Gabriel Garcia Marquez

Best known as the author of the prizewinning One Hundred Years of Solitude, Gabriel Garcia Marquez began life in Aracataca, Colombia, on March 6, 1928. The son of poor parents, Gabriel Eligio Garcia and Luisa Santiaga Marquez Iguaran, Garcia Marquez lived with his grandparents for the first eight years of his life. According to Marquez, this is a common practice in the Caribbean. In his case, though, his grandparents offered to raise him as a reconciliatory gesture towards their daughter after opposing her marriage to Garcia Marquez’s father. As a result, Garcia Marquez grew up in a house with his grandparents, aunts, and uncles and hardly knew his mother. His extended family regaled him with stories: the women told tales of superstition and fantasy, while the men-especially his grandfather-kept him grounded in reality.

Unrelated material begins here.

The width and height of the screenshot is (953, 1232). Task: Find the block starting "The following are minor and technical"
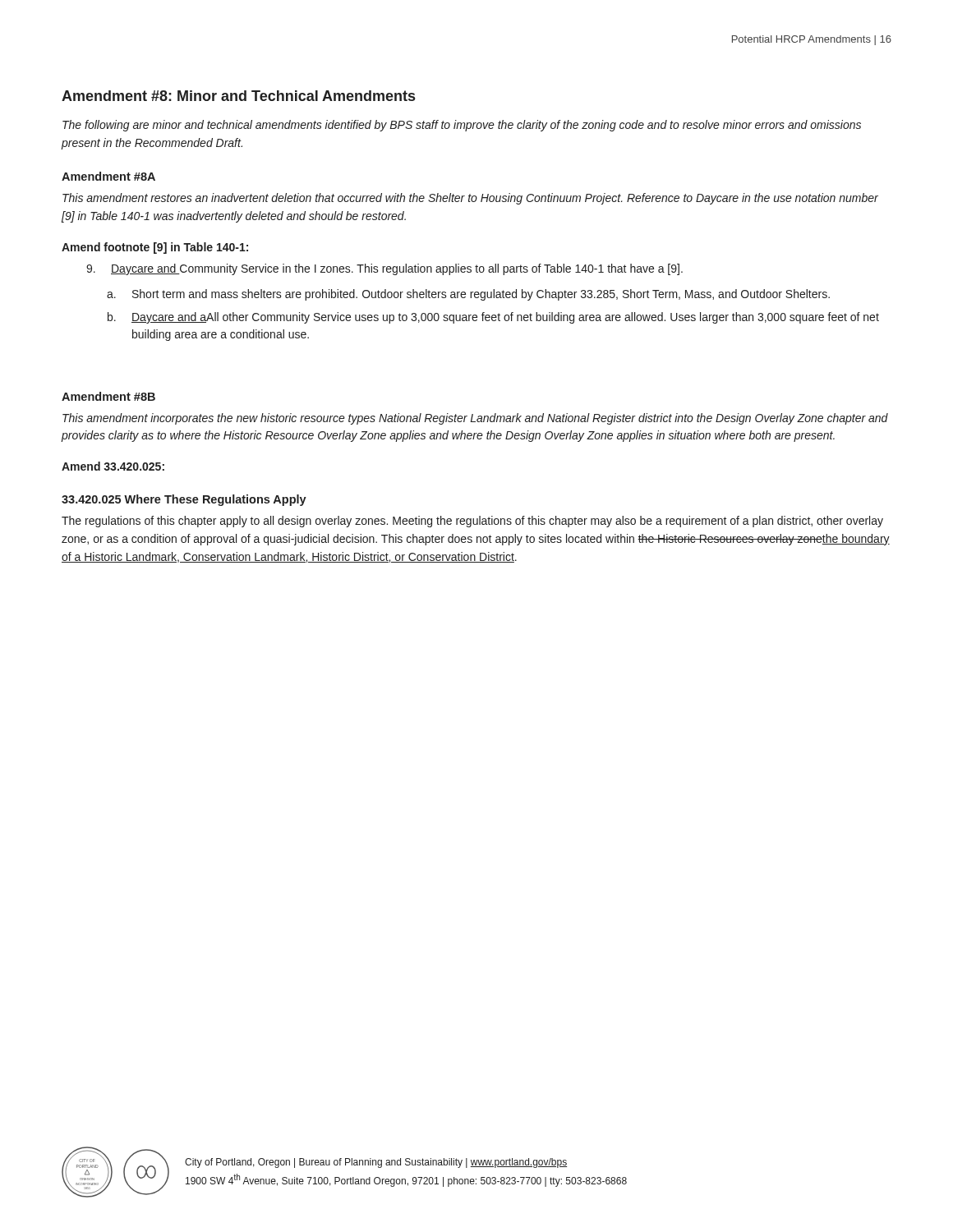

In 1947 Garcia Marquez entered the National University of Colombia, in Bogota, to study law. He had to transfer to the University of Cartagena when civil war erupted and closed the university in Bogota. There he began his work as a journalist. He dropped out of college to work as a reporter for the daily paper, El Heraldo, in Barranquilla and began writing short stories. He had published his first short story, “The Third Resignation,” in 1946. The editor of the Bogota newspaper that had published it, El Espectador, hailed Garcia Marquez as the “new genius of Colombian letters.” Garcia Marquez himself, however, was not satisfied with his writing, until a visit back to Aracataca, which was, according to Garcia Marquez, a crucial turning point in his writing. He said in a 1983 Playboy interview with Claudia Dreifus, “That day, I realized that all the short stories I had written to that point were simply intellectual elaborations, nothing to do with my reality.” Garcia Marquez’s writing from that point on reflects the influences of his grandmother’s storytelling as well as the myths, superstitions, and lifestyle of the people in Aracataca. Leaf Storm introduced the fictional setting of Macondo (named for a banana plantation he saw on his trip back to Aracataca) and its inhabitants. Reviewers think the setting resembles William Faulkner’s Yoknapatawpha County.

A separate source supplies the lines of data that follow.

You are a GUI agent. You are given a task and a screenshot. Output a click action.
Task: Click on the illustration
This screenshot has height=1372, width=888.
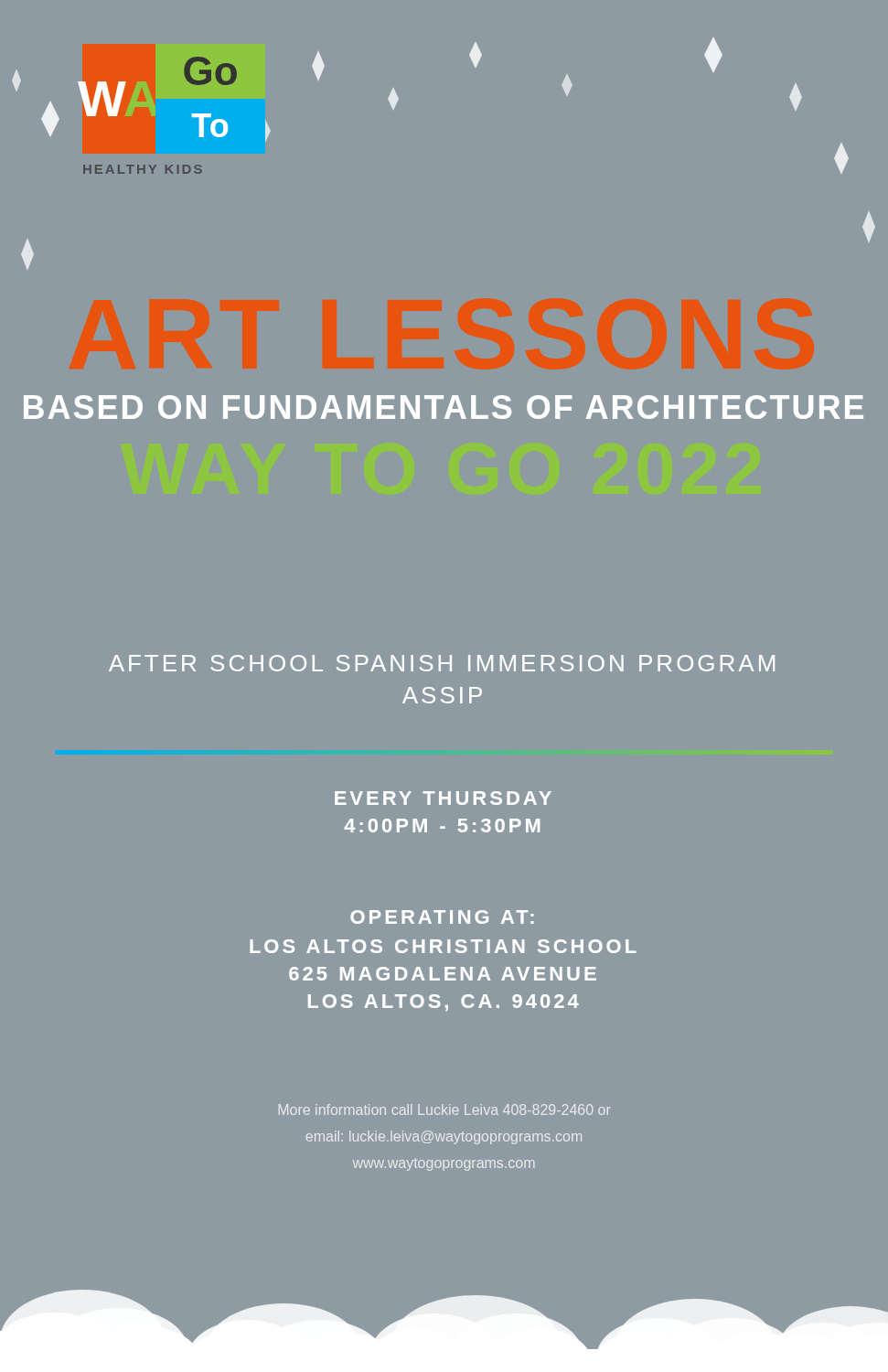coord(444,1271)
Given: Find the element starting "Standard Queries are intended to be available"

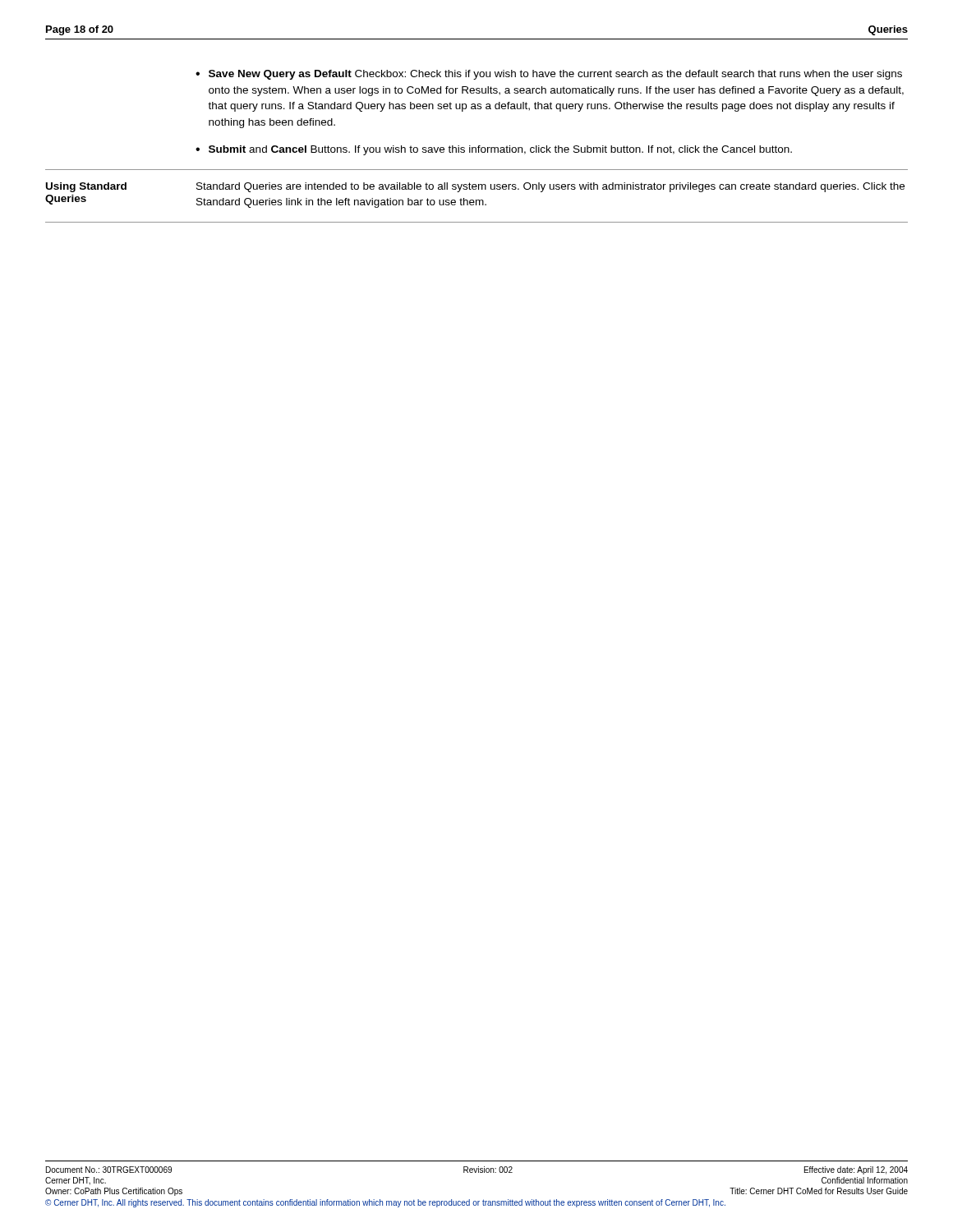Looking at the screenshot, I should click(550, 194).

Even though Garcia Marquez started his most celebrated novel, One Hundred Years of Solitude, when he was only twenty, he did not feel that he knew what he really wanted to say in it until about thirteen years later. Garcia Marquez says in the Playboy interview that he was driving to Acapulco when he suddenly had an “illumination” of the tone and everything in the story. Upon his return home, he began writing for six hours a day over the next eighteen months. His wife, Mercedes-whom he married in 1958-cared for their two young sons and supported him.

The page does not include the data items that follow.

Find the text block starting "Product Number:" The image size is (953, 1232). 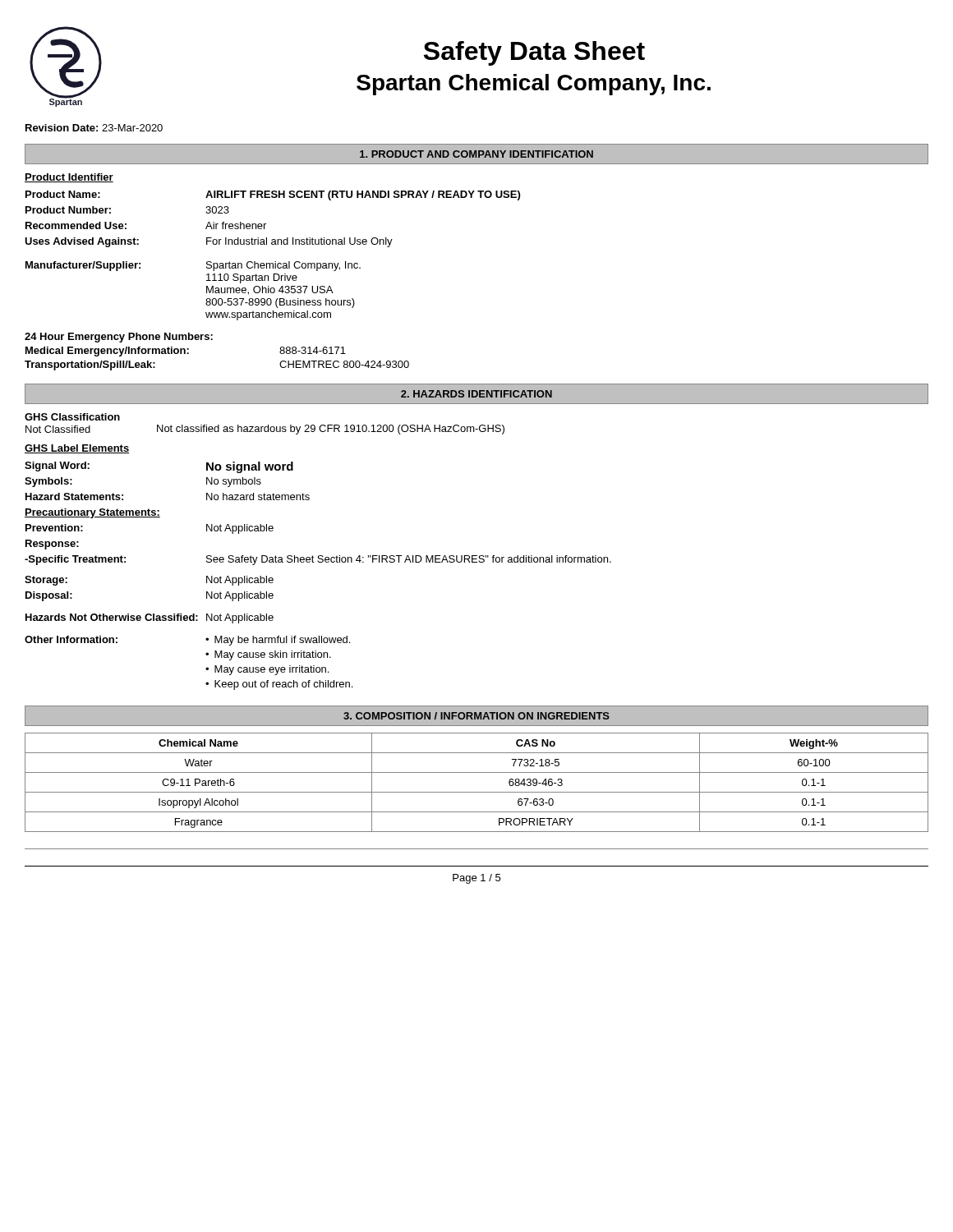[68, 210]
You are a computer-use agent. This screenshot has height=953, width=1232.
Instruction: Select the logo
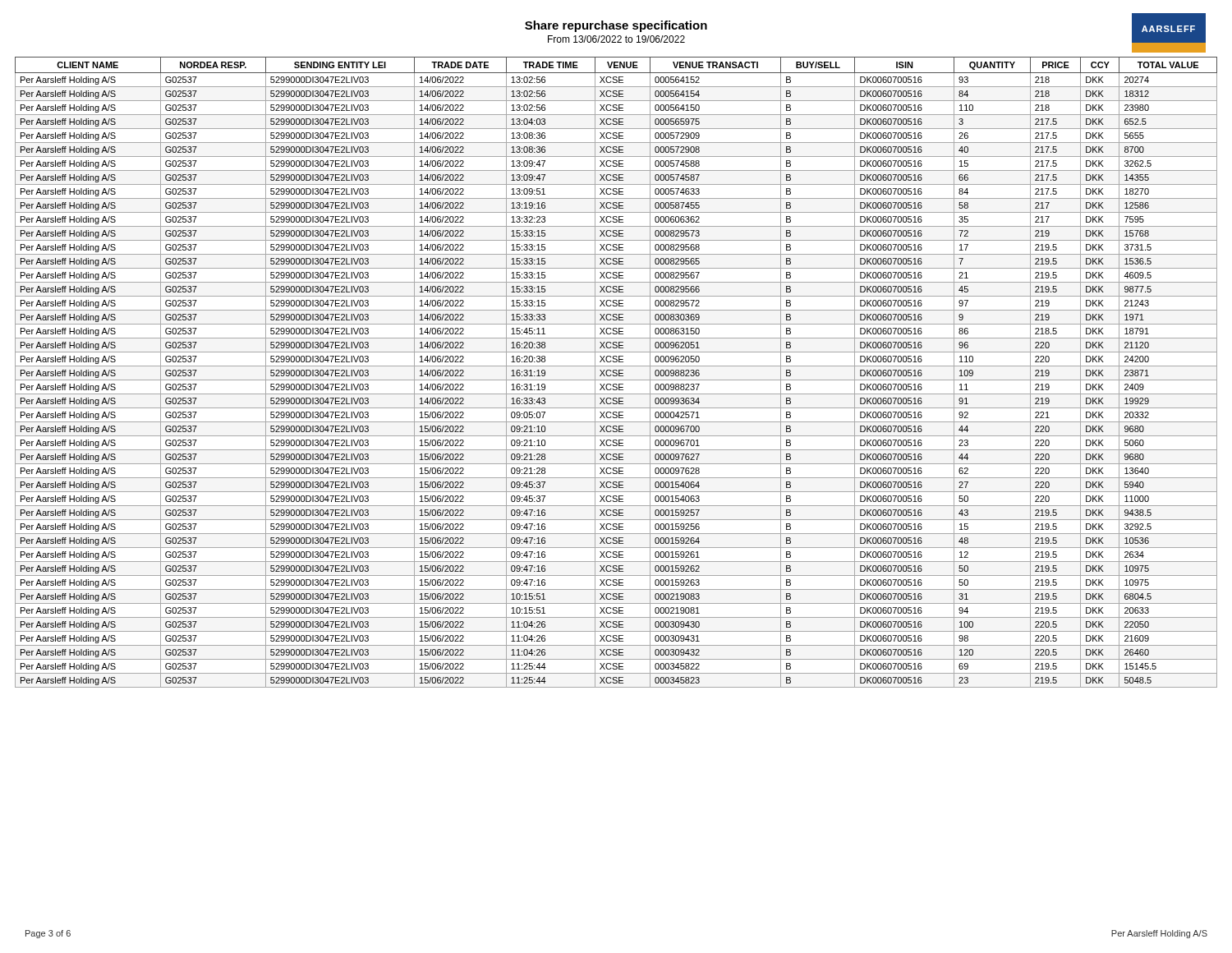click(x=1169, y=34)
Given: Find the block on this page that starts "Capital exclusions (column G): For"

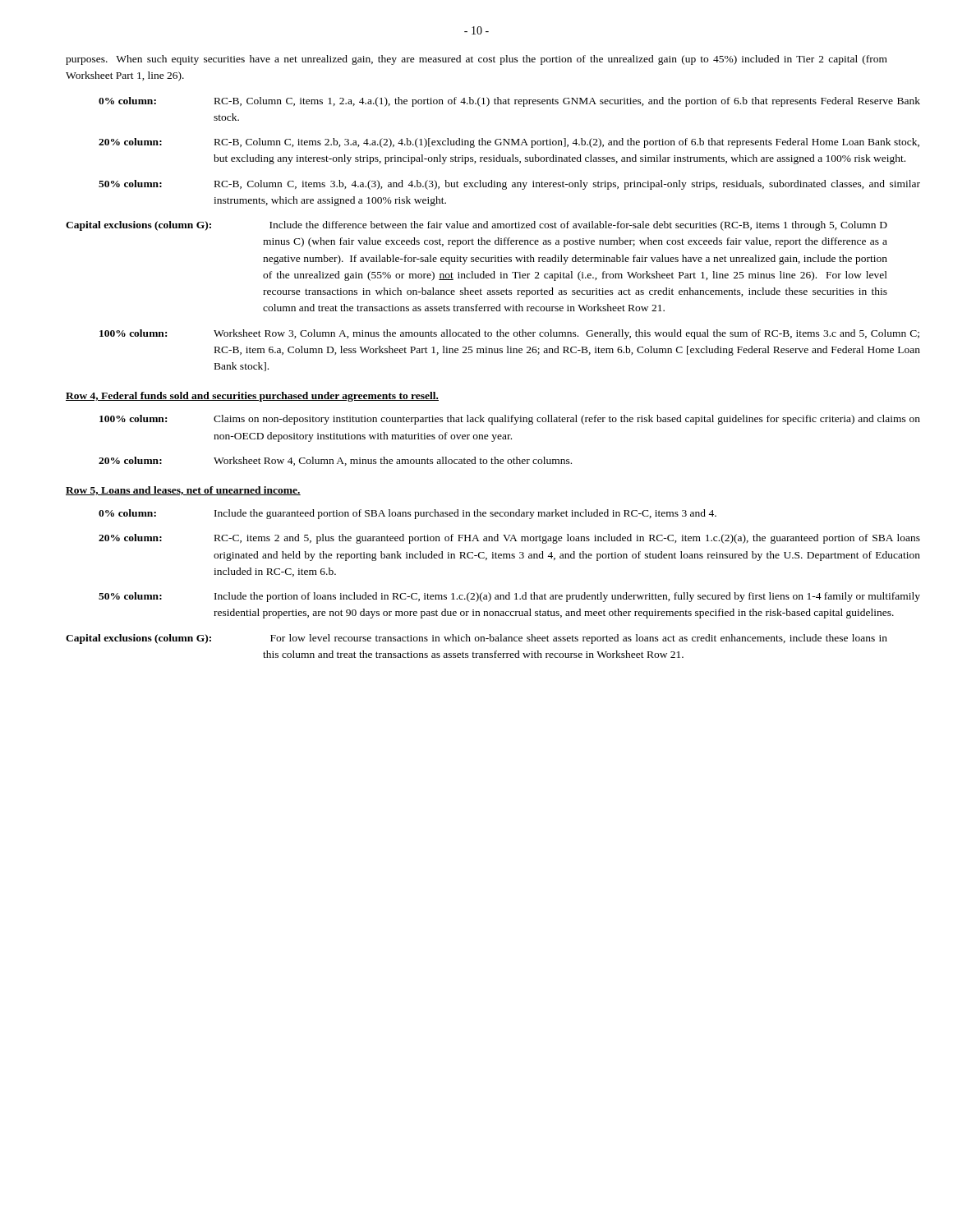Looking at the screenshot, I should 476,646.

The resulting book established Garcia Marquez as “one of the greatest living storytellers,” according to Time magazine correspondent R. Z. Sheppard. He has written several critically acclaimed novels and short stories since then. Chronicle of a Death Foretold further developed his reputation as political novelist, and he later wrote both fictionalized and nonfiction accounts of Latin American history. Garcia Marquez’s works have won numerous awards, including the 1982 Nobel Prize for Literature.